Attempting to probe all kernel.function's hangs FC5 I'm not sure how realistic a test this is - but it is 100% reproducible on my Fedora Core 5 system. Invoking stap with this command hangs the system - power cycle required to clear: stap -v -p5 -e 'probe kernel.function("*") { printf ("%s %s %d %s ", "test-> ", execname(), pid(), probefunc() ) }' I'm not yet sure if one probe is causing the hang - or the accumulation of 10K+ probes. Systemtap version (built from CVS head 20060601): SystemTap translator/driver (version 0.5.7 built 2006-06-01) (Using Red Hat elfutils 0.120 libraries.) Kernel installed: kernel-devel-2.6.16-1.2122_FC5 kernel-debuginfo-2.6.16-1.2122_FC5 kernel-2.6.16-1.2122_FC5
Which architecture is this on? There are some differences between the i386 and x86_64 in setting up the probes.

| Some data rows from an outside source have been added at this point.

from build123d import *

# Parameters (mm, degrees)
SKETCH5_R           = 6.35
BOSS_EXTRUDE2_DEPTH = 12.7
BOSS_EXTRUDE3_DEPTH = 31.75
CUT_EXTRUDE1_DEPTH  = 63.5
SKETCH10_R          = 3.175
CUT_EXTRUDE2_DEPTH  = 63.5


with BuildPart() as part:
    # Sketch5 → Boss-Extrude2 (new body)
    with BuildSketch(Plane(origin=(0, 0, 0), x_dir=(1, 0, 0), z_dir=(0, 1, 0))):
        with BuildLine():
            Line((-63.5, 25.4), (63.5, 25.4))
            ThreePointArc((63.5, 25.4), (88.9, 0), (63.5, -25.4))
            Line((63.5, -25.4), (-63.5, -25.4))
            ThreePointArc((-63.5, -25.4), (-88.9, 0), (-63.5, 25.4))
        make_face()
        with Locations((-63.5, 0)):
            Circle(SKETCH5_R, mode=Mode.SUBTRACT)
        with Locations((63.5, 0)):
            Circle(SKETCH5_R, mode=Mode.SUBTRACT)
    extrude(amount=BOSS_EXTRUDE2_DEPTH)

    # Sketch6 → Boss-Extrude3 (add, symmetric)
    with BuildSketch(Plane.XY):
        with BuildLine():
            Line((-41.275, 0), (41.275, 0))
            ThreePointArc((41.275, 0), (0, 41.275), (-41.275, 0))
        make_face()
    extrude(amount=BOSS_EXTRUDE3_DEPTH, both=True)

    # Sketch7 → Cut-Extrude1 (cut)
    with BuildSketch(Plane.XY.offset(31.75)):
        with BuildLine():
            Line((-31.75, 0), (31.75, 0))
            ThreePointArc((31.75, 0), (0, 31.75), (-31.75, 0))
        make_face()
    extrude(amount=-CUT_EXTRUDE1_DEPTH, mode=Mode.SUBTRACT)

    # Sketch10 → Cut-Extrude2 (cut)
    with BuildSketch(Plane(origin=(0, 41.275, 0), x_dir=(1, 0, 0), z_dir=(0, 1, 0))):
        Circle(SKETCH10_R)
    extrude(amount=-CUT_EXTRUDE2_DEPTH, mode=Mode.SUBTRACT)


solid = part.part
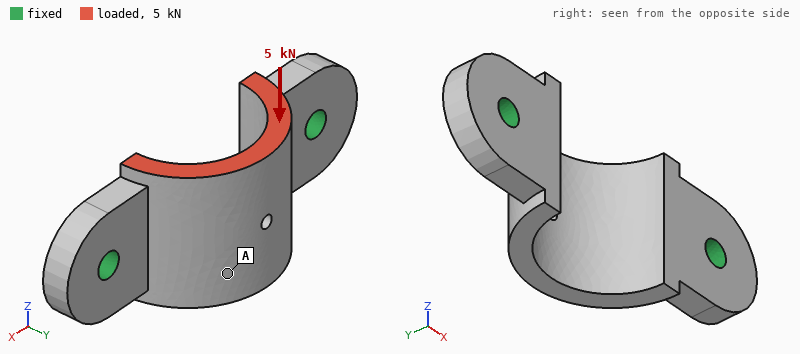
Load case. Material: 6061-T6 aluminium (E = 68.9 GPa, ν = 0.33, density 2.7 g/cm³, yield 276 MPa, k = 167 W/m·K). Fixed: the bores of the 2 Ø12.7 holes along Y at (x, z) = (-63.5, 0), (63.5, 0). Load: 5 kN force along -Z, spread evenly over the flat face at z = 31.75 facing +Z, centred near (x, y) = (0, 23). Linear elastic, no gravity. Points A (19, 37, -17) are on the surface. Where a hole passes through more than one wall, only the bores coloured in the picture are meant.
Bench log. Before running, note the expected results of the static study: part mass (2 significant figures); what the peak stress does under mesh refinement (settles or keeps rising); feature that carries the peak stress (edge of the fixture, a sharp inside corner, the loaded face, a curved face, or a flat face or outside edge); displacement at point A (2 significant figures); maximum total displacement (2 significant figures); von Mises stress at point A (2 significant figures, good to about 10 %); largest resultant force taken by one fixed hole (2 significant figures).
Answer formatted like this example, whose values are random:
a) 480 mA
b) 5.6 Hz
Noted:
a) 330 g
b) keeps rising
c) edge of the fixture
d) 69 µm
e) 93 µm
f) 7.3 MPa
g) 2.5 kN
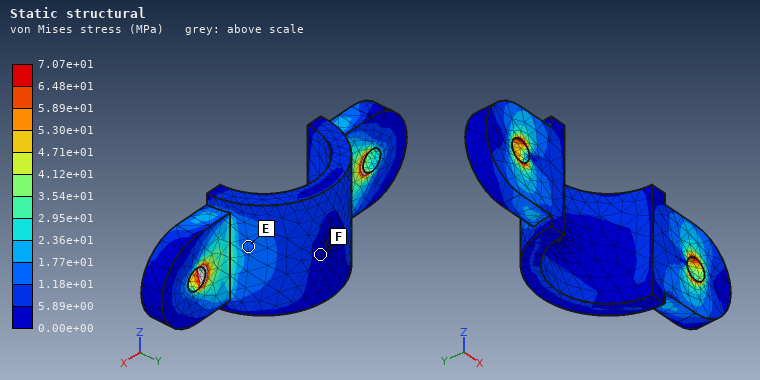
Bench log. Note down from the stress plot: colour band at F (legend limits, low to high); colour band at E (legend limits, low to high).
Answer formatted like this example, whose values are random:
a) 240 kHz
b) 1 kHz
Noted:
a) 0.00e+00 to 5.89e+00 MPa
b) 1.18e+01 to 1.77e+01 MPa
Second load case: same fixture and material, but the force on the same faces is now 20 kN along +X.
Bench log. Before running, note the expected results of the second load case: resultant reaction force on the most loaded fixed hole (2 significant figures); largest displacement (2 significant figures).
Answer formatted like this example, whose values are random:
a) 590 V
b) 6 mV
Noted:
a) 11 kN
b) 0.17 mm
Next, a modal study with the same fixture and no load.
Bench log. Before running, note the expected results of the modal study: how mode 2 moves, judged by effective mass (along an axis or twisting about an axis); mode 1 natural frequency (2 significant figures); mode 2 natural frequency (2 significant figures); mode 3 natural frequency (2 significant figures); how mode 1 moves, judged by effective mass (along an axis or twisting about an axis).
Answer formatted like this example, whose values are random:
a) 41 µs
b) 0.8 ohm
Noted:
a) along Y
b) 3000 Hz
c) 5700 Hz
d) 6300 Hz
e) along Z
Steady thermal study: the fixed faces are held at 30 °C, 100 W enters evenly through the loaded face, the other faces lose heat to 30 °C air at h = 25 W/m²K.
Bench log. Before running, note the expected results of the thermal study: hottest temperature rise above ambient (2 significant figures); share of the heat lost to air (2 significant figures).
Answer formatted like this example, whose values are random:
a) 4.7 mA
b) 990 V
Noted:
a) 33 K
b) 7.9 %
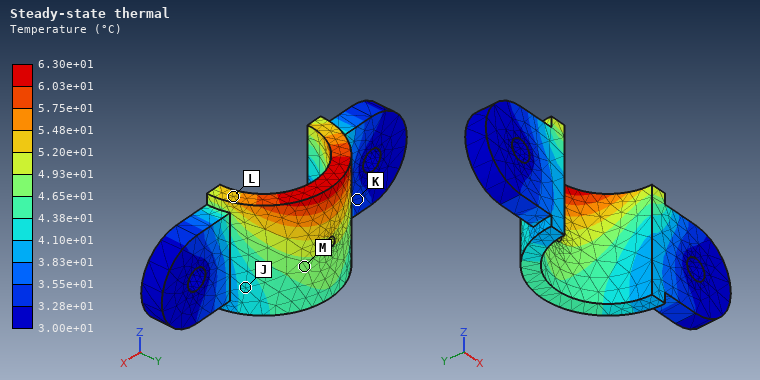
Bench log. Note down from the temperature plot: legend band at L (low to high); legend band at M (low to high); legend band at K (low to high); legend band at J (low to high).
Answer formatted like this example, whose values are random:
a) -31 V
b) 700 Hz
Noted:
a) 5.20e+01 to 5.48e+01 °C
b) 4.65e+01 to 4.93e+01 °C
c) 3.28e+01 to 3.55e+01 °C
d) 4.10e+01 to 4.38e+01 °C

The x86_64 need executable regions of memory allocated. Depending on which architecture is being used there could be different failure modes. Is there any other information output? One trick is to just have a regular console, no X so you can see any oops that come up. Are there any entries in /var/log/messages related to this problem? It could be that this experiment is bumping against some limit. You might take a look at the output of the follow to see how many probes and the size of the result .ko: stap -v -p4 -k -e 'probe kernel.function("*") { printf ("%s %s %d %s ", "test-> ", execname(), pid(), probefunc() ) }' It is also possible that some function that should be blacklisted is getting instrumented. You might try to expand tests/testsuite/systemtap.stress/all_kernel_functions.exp to see if you can get a narrow down the boundary between working and crashing.

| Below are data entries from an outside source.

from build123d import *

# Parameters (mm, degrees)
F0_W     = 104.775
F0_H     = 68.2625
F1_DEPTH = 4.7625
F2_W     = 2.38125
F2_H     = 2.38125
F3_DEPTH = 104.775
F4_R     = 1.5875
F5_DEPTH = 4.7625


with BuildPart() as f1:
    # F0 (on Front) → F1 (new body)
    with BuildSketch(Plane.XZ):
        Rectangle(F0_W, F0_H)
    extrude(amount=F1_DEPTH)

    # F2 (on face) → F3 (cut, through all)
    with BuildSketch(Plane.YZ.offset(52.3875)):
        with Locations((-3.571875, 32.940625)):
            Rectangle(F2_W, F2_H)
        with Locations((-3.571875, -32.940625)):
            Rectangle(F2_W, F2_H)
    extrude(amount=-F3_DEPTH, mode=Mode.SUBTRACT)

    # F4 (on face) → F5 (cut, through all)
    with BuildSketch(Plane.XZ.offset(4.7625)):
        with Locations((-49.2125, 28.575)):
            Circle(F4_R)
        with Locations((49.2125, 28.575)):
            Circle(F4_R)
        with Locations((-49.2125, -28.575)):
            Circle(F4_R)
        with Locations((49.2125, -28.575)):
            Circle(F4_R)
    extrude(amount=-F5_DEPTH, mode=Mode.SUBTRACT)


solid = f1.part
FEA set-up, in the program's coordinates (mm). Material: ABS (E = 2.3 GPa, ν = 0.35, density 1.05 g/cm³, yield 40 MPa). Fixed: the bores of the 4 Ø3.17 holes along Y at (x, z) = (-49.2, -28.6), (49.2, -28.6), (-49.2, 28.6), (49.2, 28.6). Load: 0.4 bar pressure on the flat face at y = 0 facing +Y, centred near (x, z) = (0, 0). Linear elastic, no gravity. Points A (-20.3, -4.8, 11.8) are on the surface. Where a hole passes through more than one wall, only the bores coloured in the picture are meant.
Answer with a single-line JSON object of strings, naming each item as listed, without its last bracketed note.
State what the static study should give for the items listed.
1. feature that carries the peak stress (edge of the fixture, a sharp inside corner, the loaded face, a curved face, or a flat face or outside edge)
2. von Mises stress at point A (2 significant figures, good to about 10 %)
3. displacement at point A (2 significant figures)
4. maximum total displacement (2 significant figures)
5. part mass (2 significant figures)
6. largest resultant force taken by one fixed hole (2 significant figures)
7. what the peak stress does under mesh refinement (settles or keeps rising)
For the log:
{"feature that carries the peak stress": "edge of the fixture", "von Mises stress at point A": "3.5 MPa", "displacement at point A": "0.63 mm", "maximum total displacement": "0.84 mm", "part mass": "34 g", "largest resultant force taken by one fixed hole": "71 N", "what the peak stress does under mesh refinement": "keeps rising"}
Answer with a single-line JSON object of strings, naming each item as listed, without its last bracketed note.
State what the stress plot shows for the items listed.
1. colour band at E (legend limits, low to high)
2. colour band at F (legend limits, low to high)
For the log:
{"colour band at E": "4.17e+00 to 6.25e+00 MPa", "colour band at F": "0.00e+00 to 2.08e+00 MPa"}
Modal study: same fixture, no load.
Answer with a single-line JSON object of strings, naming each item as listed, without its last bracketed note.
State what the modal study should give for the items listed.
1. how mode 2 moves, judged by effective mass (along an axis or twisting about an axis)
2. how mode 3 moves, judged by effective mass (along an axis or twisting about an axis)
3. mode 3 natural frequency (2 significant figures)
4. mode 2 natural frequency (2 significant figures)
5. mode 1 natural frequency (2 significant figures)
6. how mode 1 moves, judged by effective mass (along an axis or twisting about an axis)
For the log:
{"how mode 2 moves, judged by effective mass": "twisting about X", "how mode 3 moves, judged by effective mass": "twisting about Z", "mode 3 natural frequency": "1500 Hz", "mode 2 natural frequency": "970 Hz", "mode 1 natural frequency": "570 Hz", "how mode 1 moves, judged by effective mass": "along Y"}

Broad wildcard probes are known to still trigger problems. This is the reason that the src/tapsets.cxx blacklist exists. One needs to narrow down failing wildcards as much as possible, perhaps to individual functions and/or files, then add them to the blacklist. When the job is done, function("*") will automagically exclude blacklisted ones and still give one the thousands of workable probes one might want (?). *** This bug has been marked as a duplicate of 1836 ***
I think it has to do with printing within the * probe. I tried the following on i686 RHEL4: probe begin { log("begin") } probe kernel.function("*") { } probe end { log("end") } This had no problem. The system was a bit slow, but still usable and reasonably responsive. Then I tried this: probe begin { log("begin") } probe kernel.function("*") { print(".") } probe end { log("end") } This hung the system. The simple print(".") will still create a lot of data -- perhaps something in the buffer flush is being overwhelmed, or causing a recursion?
Good point, we've had some progress since bug #1836. Other than reentrancy, we may also trigger stack exhaustion (bug #2685).
Additional data point: a few experiments probing kernel.function("*") with FC5 kernels indicates improvements but also problems. In all my tests, the machine *appears to hang* even with probe handlers that do nothing. The machine is actually running, just extremely slowly.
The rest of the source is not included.